Pan Krzysztof w naszym powiecie zamieszkał stosunkowo niedawno. Osiadł w jednej z miejscowości nieopodal Szczytna. Założył gospodarstwo, hoduje kozy, eksperymentuje z serami. Porzucił szybkie życie w dużym mieście. Zamknął dużą firmę. Architekt z wykształcenia, dziś projektuje swoje nowe, jak mówi, lepsze życie. Z pasji do tworzenia budynków coś w nim zostało, ale zmienił myślenie. Dzisiaj eksperymentuje i buduje nowocześnie, ale jednak po staremu…

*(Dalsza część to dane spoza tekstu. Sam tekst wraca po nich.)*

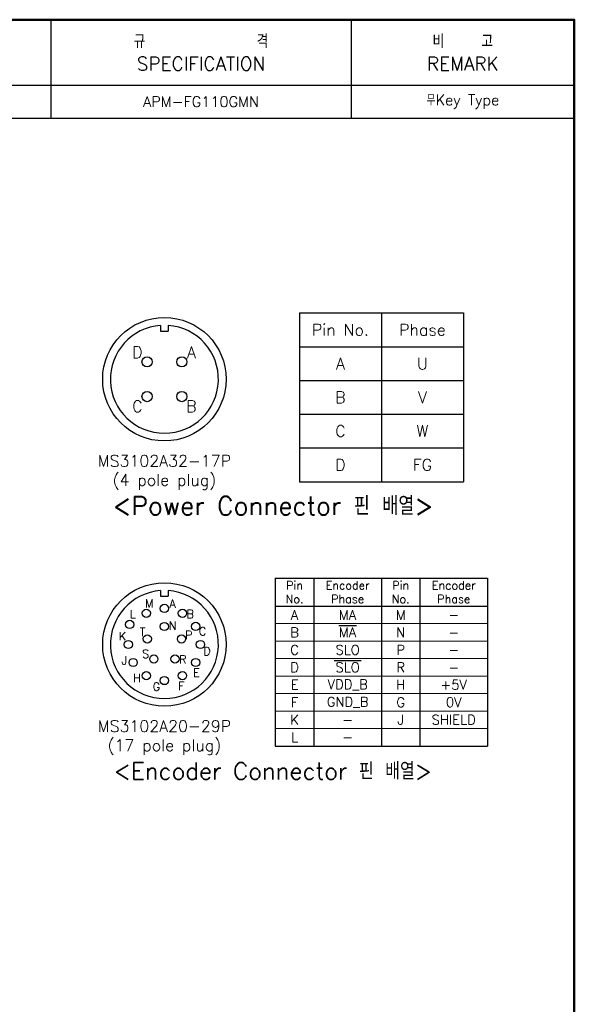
# Model space of a CAD drawing. Header units: inches. Extents: x 0 to 1485, y 0 to 1050.
# Tile 4 of 4: x 1126 to 1485, y 412 to 1050. Entities that reach past the tile are written whole.
import ezdxf
from ezdxf.enums import TextEntityAlignment as Align

# ---------------------------------------------------------------- set-up
doc = ezdxf.new("R2010")
doc.units = ezdxf.units.IN
doc.header["$LTSCALE"] = 0.25
doc.layers.get('0').update_dxf_attribs({"lineweight": 35})
doc.styles.add('GSG1', font='romans.shx', dxfattribs={"bigfont": 'GSG1.shx'})

msp = doc.modelspace()

# ---------------------------------------------------------------- linework, layer by layer
at = {"color": 0, "lineweight": -3}
for p, q in [((1145.74999738, 1049.9999995), (1145.74999738, 986.2499995)), ((1340.49999738, 1049.9999995), (1340.49999738, 986.2499995)), ((615.99999738, 1007.4999995), (1484.99999738, 1007.4999995)), ((615.99999738, 986.2499995), (1484.99999738, 986.2499995))]:
    msp.add_line(p, q, dxfattribs=at)
at = {"color": 7, "linetype": 'Continuous', "lineweight": -3}
for p, q in [((1306.87499738, 859.9999995), (1306.87499738, 750.6249995)), ((1306.87499738, 859.9999995), (1413.12499738, 859.9999995)), ((1359.99999738, 859.9999995), (1359.99999738, 750.6249995)), ((1413.12499738, 859.9999995), (1413.12499738, 750.6249995)), ((1306.87499738, 838.1249995), (1413.12499738, 838.1249995)), ((1306.87499738, 816.2499995), (1413.12499738, 816.2499995)), ((1306.87499738, 794.3749995), (1413.12499738, 794.3749995)), ((1306.87499738, 772.4999995), (1413.12499738, 772.4999995)), ((1306.87499738, 750.6249995), (1413.12499738, 750.6249995)), ((1291.24999738, 688.1249995), (1291.24999738, 579.3749995)), ((1291.24999738, 688.1249995), (1428.74999738, 688.1249995)), ((1316.24999738, 688.1249995), (1316.24999738, 579.3749995)), ((1359.99999738, 688.1249995), (1359.99999738, 579.3749995)), ((1384.99999738, 688.1249995), (1384.99999738, 579.3749995)), ((1428.74999738, 688.1249995), (1428.74999738, 579.3749995)), ((1291.24999738, 669.9999995), (1428.74999738, 669.9999995)), ((1291.24999738, 579.3749995), (1428.74999738, 579.3749995))]:
    msp.add_line(p, q, dxfattribs=at)
at = {"lineweight": -3, "ltscale": 0.5}
for p, q in [((1306.87499738, 859.9999995), (1306.87499738, 750.6249995)), ((1291.24999738, 688.1249995), (1291.24999738, 579.3749995))]:
    msp.add_line(p, q, dxfattribs=at)
at = {"lineweight": -3}
for p, q in [((1216.87499738, 851.94184961), (1216.87499738, 848.2812495)), ((1221.87499738, 851.94184961), (1221.87499738, 848.2812495)), ((1216.87499738, 848.2812495), (1221.87499738, 848.2812495)), ((1216.87499738, 680.06684961), (1216.87499738, 676.4062495)), ((1216.87499738, 676.4062495), (1221.87499738, 676.4062495)), ((1221.87499738, 680.06684961), (1221.87499738, 676.4062495))]:
    msp.add_line(p, q, dxfattribs=at)
at = {"lineweight": 15, "ltscale": 0.5}
for p, q in [((1428.74999738, 658.6718745), (1291.24999738, 658.6718745)), ((1428.74999738, 647.3437495), (1291.24999738, 647.3437495)), ((1428.74999738, 636.0156245), (1291.24999738, 636.0156245)), ((1428.74999738, 624.6874995), (1291.24999738, 624.6874995)), ((1428.74999738, 613.3593745), (1291.24999738, 613.3593745)), ((1428.74999738, 602.0312495), (1291.24999738, 602.0312495)), ((1428.74999738, 590.7031245), (1291.24999738, 590.7031245))]:
    msp.add_line(p, q, dxfattribs=at)
at = {"color": 2, "lineweight": -3}
for p, q in [((1332.32142595, 657.47209771), (1343.92856881, 657.47209771)), ((1329.41964023, 634.81584771), (1346.83035452, 634.81584771))]:
    msp.add_line(p, q, dxfattribs=at)
at = {"color": 1, "lineweight": 50}
msp.add_lwpolyline([(-0.00000262, -0.0000005), (1484.99999738, -0.0000005), (1484.99999738, 1049.9999995), (-0.00000262, 1049.9999995)], close=True, dxfattribs=at)
at = {"lineweight": -3}
for centre, radius in [((1219.37499738, 817.0312495), 40), ((1208.12499738, 828.2812495), 3.30357143), ((1230.62499738, 828.2812495), 3.30357143), ((1208.12499738, 805.7812495), 3.30357143), ((1230.62499738, 805.7812495), 3.30357143), ((1219.37499738, 645.1562495), 40), ((1219.37499738, 668.51629255), 2.67857143), ((1207.69497585, 665.38664021), 2.67857143), ((1231.0550189, 665.38664021), 2.67857143), ((1196.89678547, 658.13405119), 2.67857143), ((1219.37499738, 656.80240663), 2.67857143), ((1239.60538809, 656.83627102), 2.67857143), ((1208.29884374, 648.75510997), 2.67857143), ((1230.45115101, 648.75510997), 2.67857143), ((1196.01495433, 645.1562495), 2.67857143), ((1242.73504043, 645.1562495), 2.67857143), ((1212.52955797, 635.73431045), 2.67857143), ((1226.22043679, 635.73431045), 2.67857143), ((1199.14460666, 633.47622797), 2.67857143), ((1239.60538809, 633.47622797), 2.67857143), ((1207.69497585, 624.92585878), 2.67857143), ((1231.0550189, 624.92585878), 2.67857143), ((1219.37499738, 621.79620645), 2.67857143)]:
    msp.add_circle(centre, radius, dxfattribs=at)
for centre in [(1219.37499738, 817.0312495), (1219.37499738, 645.1562495)]:
    msp.add_arc(centre, 35, 94.0960437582, 85.9039562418, dxfattribs=at)

# ---------------------------------------------------------------- texts
at = {"lineweight": -3, "style": 'GSG1'}
for s, p in [('D', (1201.87499738, 834.5312495)), ('A', (1236.87499738, 834.5312495)), ('C', (1201.87499738, 799.5312495)), ('B', (1236.87499738, 799.5312495))]:
    msp.add_text(s, height=7.5, dxfattribs=at).set_placement(p, align=Align.MIDDLE_CENTER)
for s, p in [('M', (1206.76035426, 669.06010203)), ('A', (1222.59559728, 668.92498069)), ('L', (1196.95978664, 662.12622865)), ('B', (1233.72256019, 662.2224745)), ('N', (1222.28897036, 654.6666397)), ('K', (1189.74004808, 647.87645882)), ('T', (1203.39500013, 650.54673124)), ('P', (1232.75115498, 648.58066851)), ('C', (1241.72142284, 650.99974396)), ('S', (1204.96052655, 636.37941193)), ('R', (1228.89999656, 632.74914075)), ('D', (1244.57787522, 638.12040766)), ('J', (1191.60405269, 632.15295056)), ('H', (1199.06217731, 620.72844971)), ('E', (1237.98554527, 624.22898542)), ('G', (1211.7418164, 615.14133708)), ('F', (1228.31230159, 615.65349604))]:
    msp.add_text(s, height=5.35714286, dxfattribs=at).set_placement(p)
at = {"color": 2, "lineweight": -3, "attachment_point": 5, "style": 'GSG1'}
for s, insert, char_height, width in [('규            격\\PSPECIFICATION', (1243.12499738, 1028.7499995), 8.75, 187.5), ('비    고\\PREMARK', (1412.74999738, 1028.7499995), 8.75, 137.5), ('APM-FG110GMN', (1243.12499738, 996.8749995), 6.875, 187.5), ('무Key Type', (1412.74999738, 996.8749995), 6.875, 137.5), ('Pin No.', (1333.43749738, 849.0624995), 7.5, 131.5272128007), ('Phase', (1386.56249738, 849.0624995), 7.5, 131.5272128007), ('A', (1333.43749738, 827.1874995), 7.5, 131.5272128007), ('U', (1386.56249738, 827.1874995), 7.5, 131.5272128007), ('B', (1333.43749738, 805.3124995), 7.5, 131.5272128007), ('V', (1386.56249738, 805.3124995), 7.5, 131.5272128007), ('C', (1333.43749738, 783.4374995), 7.5, 131.5272128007), ('W', (1386.56249738, 783.4374995), 7.5, 131.5272128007), ('MS3102A32-17P', (1219.37499738, 764.12946378), 7.5, 287.042108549), ('D', (1333.43749738, 761.5624995), 7.5, 131.5272128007), ('FG', (1386.56249738, 761.5624995), 7.5, 131.5272128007), ('(4 pole plug)', (1219.37499738, 750.45758878), 7.5, 287.042108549), ('<Power Connector 핀 배열>', (1289.68749738, 734.9999995), 11.875, 287.042108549), ('Pin\\PNo.', (1303.74999738, 679.0624995), 5.3125, 105.9524769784), ('Encoder\\PPhase', (1338.12499738, 679.0624995), 5.3125, 105.9524769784), ('Pin\\PNo.', (1372.49999738, 679.0624995), 5.3125, 105.9524769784), ('Encoder\\PPhase', (1406.87499738, 679.0624995), 5.3125, 105.9524769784), ('A', (1303.74999738, 664.335937), 6.25, 14.9150831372), ('MA', (1338.12499738, 664.335937), 6.25, 14.9150831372), ('M', (1372.49999738, 664.335937), 6.25, 14.9150831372), ('-', (1406.87499738, 664.335937), 6.25, 14.9150831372), ('B', (1303.74999738, 653.007812), 6.25, 14.9150831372), ('MA', (1338.12499738, 653.007812), 6.25, 14.9150831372), ('N', (1372.49999738, 653.007812), 6.25, 14.9150831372), ('-', (1406.87499738, 653.007812), 6.25, 14.9150831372), ('C', (1303.74999738, 641.679687), 6.25, 14.9150831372), ('SLO', (1338.12499738, 641.679687), 6.25, 14.9150831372), ('P', (1372.49999738, 641.679687), 6.25, 14.9150831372), ('-', (1406.87499738, 641.679687), 6.25, 14.9150831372), ('D', (1303.74999738, 630.351562), 6.25, 14.9150831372), ('SLO', (1338.12499738, 630.351562), 6.25, 14.9150831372), ('R', (1372.49999738, 630.351562), 6.25, 14.9150831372), ('-', (1406.87499738, 630.351562), 6.25, 14.9150831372), ('E', (1303.74999738, 619.023437), 6.25, 14.9150831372), ('VDD_B', (1338.12499738, 619.023437), 6.25, 14.9150831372), ('H', (1372.49999738, 619.023437), 6.25, 14.9150831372), ('+5V', (1406.87499738, 619.023437), 6.25, 14.9150831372), ('F', (1303.74999738, 607.695312), 6.25, 14.9150831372), ('GND_B', (1338.12499738, 607.695312), 6.25, 14.9150831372), ('G', (1372.49999738, 607.695312), 6.25, 14.9150831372), ('0V', (1406.87499738, 607.695312), 6.25, 14.9150831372), ('K', (1303.74999738, 596.367187), 6.25, 14.9150831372), ('J', (1372.49999738, 596.367187), 6.25, 14.9150831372), ('SHIELD', (1406.87499738, 596.367187), 6.25, 14.9150831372), ('MS3102A20-29P', (1219.37499738, 592.25446378), 7.5, 287.042108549), ('-', (1338.12499738, 596.367187), 6.25, 14.9150831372), ('L', (1303.74999738, 585.039062), 6.25, 14.9150831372), ('(17 pole plug)', (1219.37499738, 578.58258878), 7.5, 287.042108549), ('-', (1338.12499738, 585.039062), 6.25, 14.9150831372), ('<Encoder Connector 핀 배열>', (1289.68749738, 563.1249995), 10.9375, 287.042108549)]:
    msp.add_mtext(s, dxfattribs=dict(at, insert=insert, char_height=char_height, width=width))

doc.saveas('drawing.dxf')

Krzysztof Maciejewski nie jest z Mazur. To miejsce wybrał. Wybrał życie w naturalnym rytmie, w zgodzie ze swoim organizmem i wartościami, które dzisiaj są jego drogowskazem. W dużym mieście prowadził dużą firmę architektoniczną. Z wykształcenia jest architektem oraz projektantem instalacji sanitarnych, ma też uprawnienia rzeczoznawcy budowlanego w tym zakresie. Projektował dużo. Głównie duże obiekty dla instytucji. Był jednym z autorów projektu basenu w Ostrołęce, jego dziełem są laboratoria na Uniwersytecie Rzeszowskim, opracował projekt modernizacji zabytkowego pałacu w Chrzęstnym czy Zakładu Karnego w Nowym Wiśniczu, który wcześniej był klasztorem. I wielu, wielu innych. Okazało się, że napisano dla niego inną drogę. Na przełomie 2012 i 2013 roku jego organizm odmówił posłuszeństwa.
- Najzwyczajniej przestał działać. Zaczęły się problemy zdrowotne. Od kręgosłupa, przez problemy z sercem, ciśnieniem, bezdechem po zapaści – opowiada pan Krzysztof. - Lekarz powiedział mi dosłownie, że muszę zmienić swoje życie, bo inaczej będzie słabo.
Książki były drogowskazem
I tak zaczęło się poszukiwanie nowej drogi. Okazało się to bardzo trudne. Nie ze względu na brak pomysłu, a na konieczność skonfrontowania się z samym sobą.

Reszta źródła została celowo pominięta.